Nov. 15 2013 06:05 PM

Carmel Valley eatery promises farm-to-table fare

urban plates 016
The free-range grilled chicken plate and banana cream pie

The phrase "farm-to-table" gets tossed around a lot these days. And it's not being used only to describe small, chef-driven joints. Chain restaurants like Paul Martin's American Grill and Tender Greens are apparently farm-to-table adherents, too. 

Unveiled in September 2011, Urban Plates is another jumbo-size eatery that recently joined the locavore movement. The original location is in the rambling Del Mar Highlands Town Center (12857 El Camino Real in Carmel Valley). A second location opened two months ago in Irvine.  

The décor at Urban Plates features silver pipes and weathered wooden tables. The industrial-provincial vibe is trendy, albeit a little hackneyed. A cafeteria-style setup begins with two lines: one for salad loyalists, the other for everyone else.

Diners in the second line are headed toward their Urban Plates station of choice; pizzette and sandwich stations are two of several. I arrived around 6 p.m. on a Sunday night, so the place was tightly packed; I felt like one of 20 unexpected guests at a gathering meant for five.

After a 10-minute wait, I reached the Carve Up station. Here, grilled, hand-carved meats like medium-rare steak and wild ono are the main act. I went with the free-range chicken. Two seasonal sides and a chargrilled slab of focaccia completed the $10 meal. An open kitchen pulls the curtain back on all the action at Urban Plates, making it reasonably clear that your food will be fresh. 

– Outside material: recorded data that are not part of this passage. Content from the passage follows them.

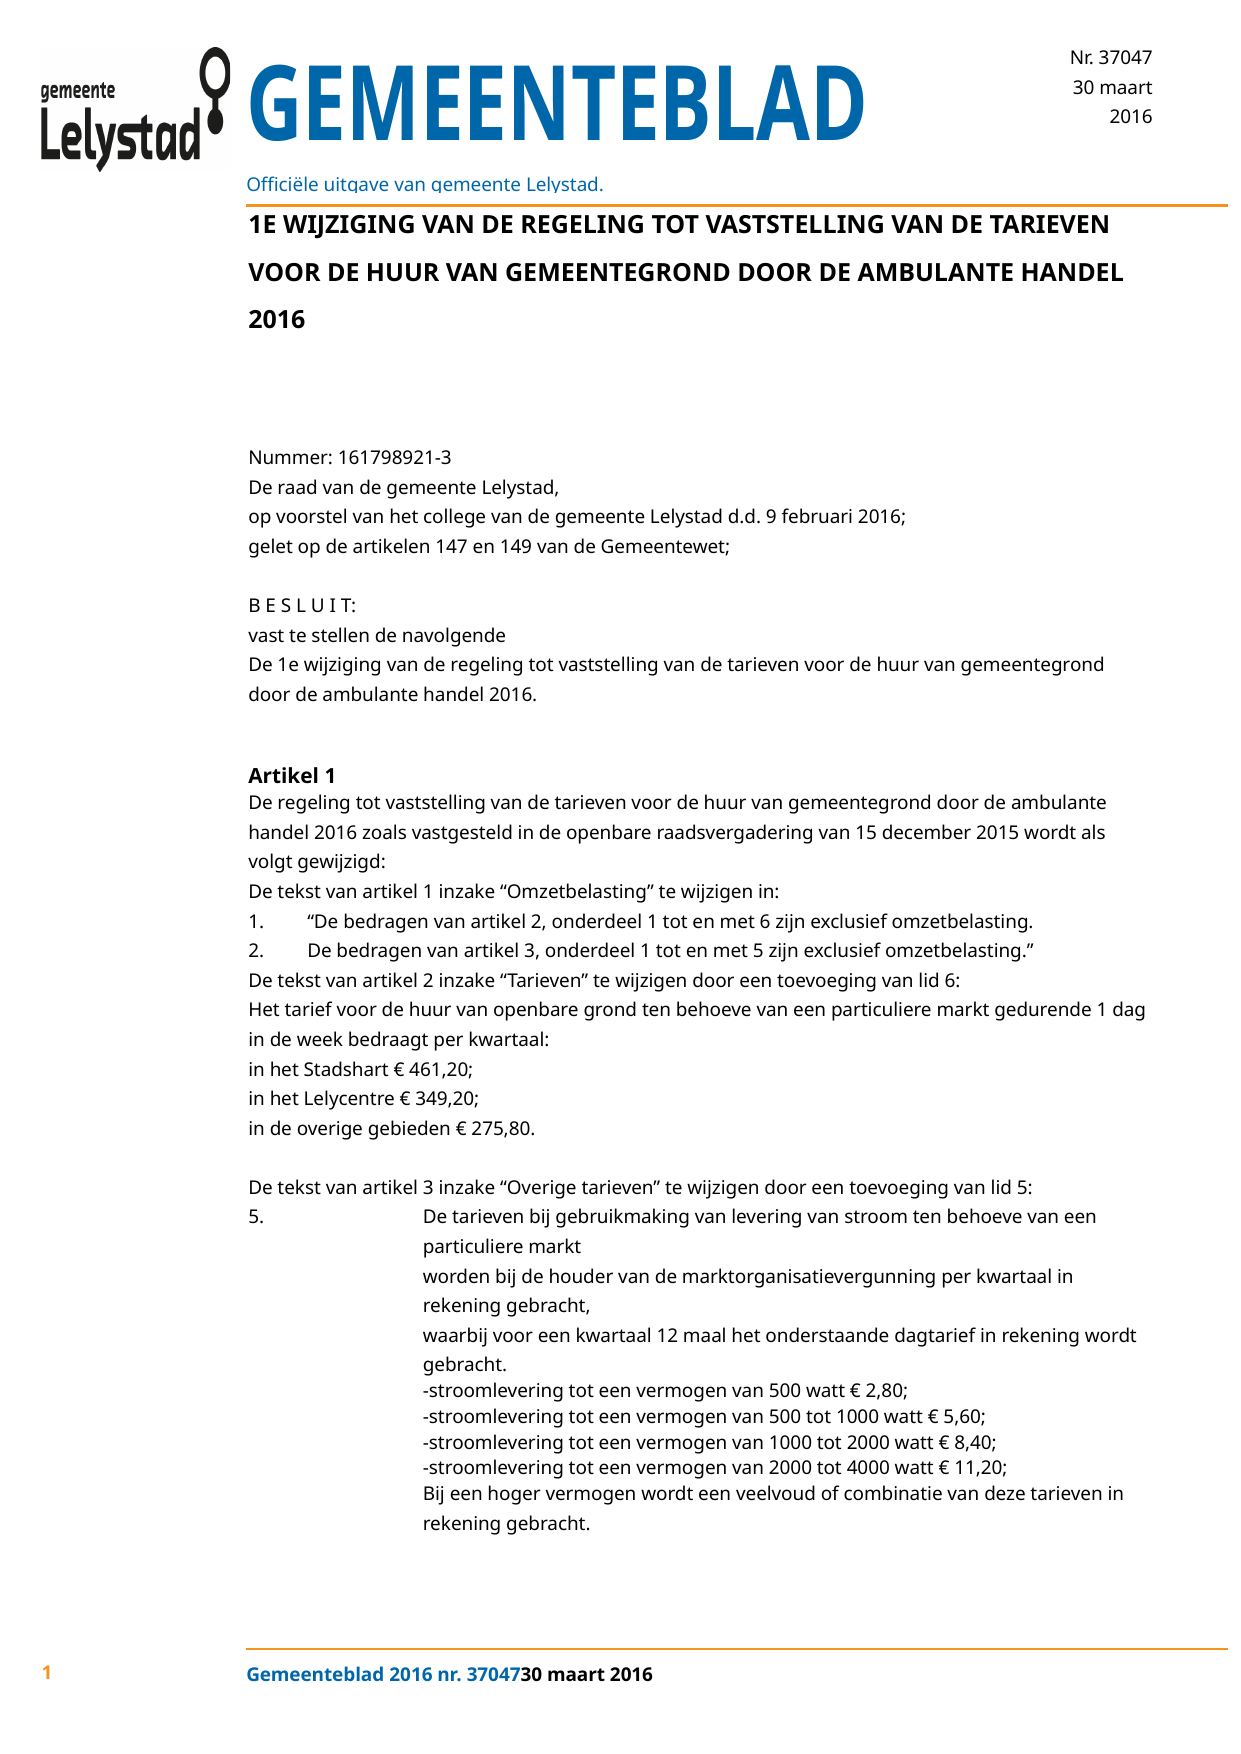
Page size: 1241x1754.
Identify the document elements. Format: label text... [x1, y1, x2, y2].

list De bedragen van artikel 3, onderdeel 1 tot en met 5 zijn exclusief omzetbelasting.” [248, 937, 1152, 963]
text vast te stellen de navolgende [248, 622, 1152, 648]
table_cell [248, 1455, 423, 1480]
text 1E WIJZIGING VAN DE REGELING TOT VASTSTELLING VAN DE TARIEVEN VOOR DE HUUR VAN GEMEENTEGROND DOOR DE AMBULANTE HANDEL 2016 [248, 207, 1152, 336]
table_cell -stroomlevering tot een vermogen van 1000 tot 2000 watt € 8,40; [423, 1429, 1152, 1454]
text B E S L U I T: [248, 592, 1152, 618]
text Artikel 1 [248, 761, 1152, 789]
table_header De tarieven bij gebruikmaking van levering van stroom ten behoeve van een particuliere markt worden bij de houder van de marktorganisatievergunning per kwartaal in rekening gebracht, waarbij voor een kwartaal 12 maal het onderstaande dagtarief in rekening wordt gebracht. [423, 1204, 1152, 1377]
text gelet op de artikelen 147 en 149 van de Gemeentewet; [248, 533, 1152, 559]
text De 1e wijziging van de regeling tot vaststelling van de tarieven voor de huur van gemeentegrond door de ambulante handel 2016. [248, 651, 1152, 707]
picture [41, 47, 231, 172]
text Het tarief voor de huur van openbare grond ten behoeve van een particuliere markt gedurende 1 dag in de week bedraagt per kwartaal: [248, 997, 1152, 1052]
text De regeling tot vaststelling van de tarieven voor de huur van gemeentegrond door de ambulante handel 2016 zoals vastgesteld in de openbare raadsvergadering van 15 december 2015 wordt als volgt gewijzigd: [248, 789, 1152, 874]
table_cell Bij een hoger vermogen wordt een veelvoud of combinatie van deze tarieven in rekening gebracht. [423, 1480, 1152, 1565]
text De tekst van artikel 2 inzake “Tarieven” te wijzigen door een toevoeging van lid 6: [248, 967, 1152, 993]
table_cell [248, 1378, 423, 1403]
list “De bedragen van artikel 2, onderdeel 1 tot en met 6 zijn exclusief omzetbelasting. [248, 908, 1152, 933]
table_cell [248, 1429, 423, 1454]
table_cell -stroomlevering tot een vermogen van 500 tot 1000 watt € 5,60; [423, 1403, 1152, 1429]
table_cell [248, 1480, 423, 1565]
text op voorstel van het college van de gemeente Lelystad d.d. 9 februari 2016; [248, 503, 1152, 529]
text in het Lelycentre € 349,20; [248, 1085, 1152, 1111]
text in het Stadshart € 461,20; [248, 1056, 1152, 1081]
text De tekst van artikel 1 inzake “Omzetbelasting” te wijzigen in: [248, 878, 1152, 904]
text De tekst van artikel 3 inzake “Overige tarieven” te wijzigen door een toevoeging van lid 5: [248, 1174, 1152, 1200]
table_cell -stroomlevering tot een vermogen van 500 watt € 2,80; [423, 1378, 1152, 1403]
text De raad van de gemeente Lelystad, [248, 474, 1152, 500]
table_cell -stroomlevering tot een vermogen van 2000 tot 4000 watt € 11,20; [423, 1455, 1152, 1480]
text Nummer: 161798921-3 [248, 444, 1152, 470]
table_cell [248, 1403, 423, 1429]
table_header 5. [248, 1204, 423, 1377]
text in de overige gebieden € 275,80. [248, 1115, 1152, 1141]

It seems like every detail at Urban Plates—from the cast-iron pots in warm, buttery shades to the bushels of fresh produce on display—is trying really hard to communicate a distinct message: This place is homey and rustic, the epitome of a relaxed yet refined neighborhood joint.

Maybe it doesn't matter that I sensed something slightly contrived about the whole experience. Maybe it's enough that the cheddar mac and cheese is splendid—velvety smooth with a faint nuttiness, the spiral pasta noodles cooked just right—or that the tender, juicy chicken flaunts a straight-off-the-grill smokiness. The focaccia—pale and altogether lackluster—needed more charring, but the Brussels sprouts were beautifully roasted. The green gems mingle with flecks of turkey bacon and Asiago cheese. 

The desserts span a wide gamut of tastes and textures. Most impressive, at least visually, is the mango tart. Bright yellow slips of mango create an intricate, sinuous rose design. Unfortunately, the fruit, not quite ripe, lacked a rich flavor. Its flat, sour taste and fibery texture clashed with the sweet cream base.

For a foolproof conclusion to a meal here, try the banana cream pie. Everything about the dessert is spot-on—from the crumbly graham-cracker crust to the silky cream center to the neat heap of chocolate shavings. 

As for Urban Plates' farm-to-table promise, the website doesn't list any local farm suppliers. Neither does the menu—which strikes me as strange. Usually, restaurants like to highlight their locally grown produce. Although UP fare certainly tastes farm-to-table fresh, it's difficult to decipher whether the new kid on the block is a genuine locavore or just riding the trend.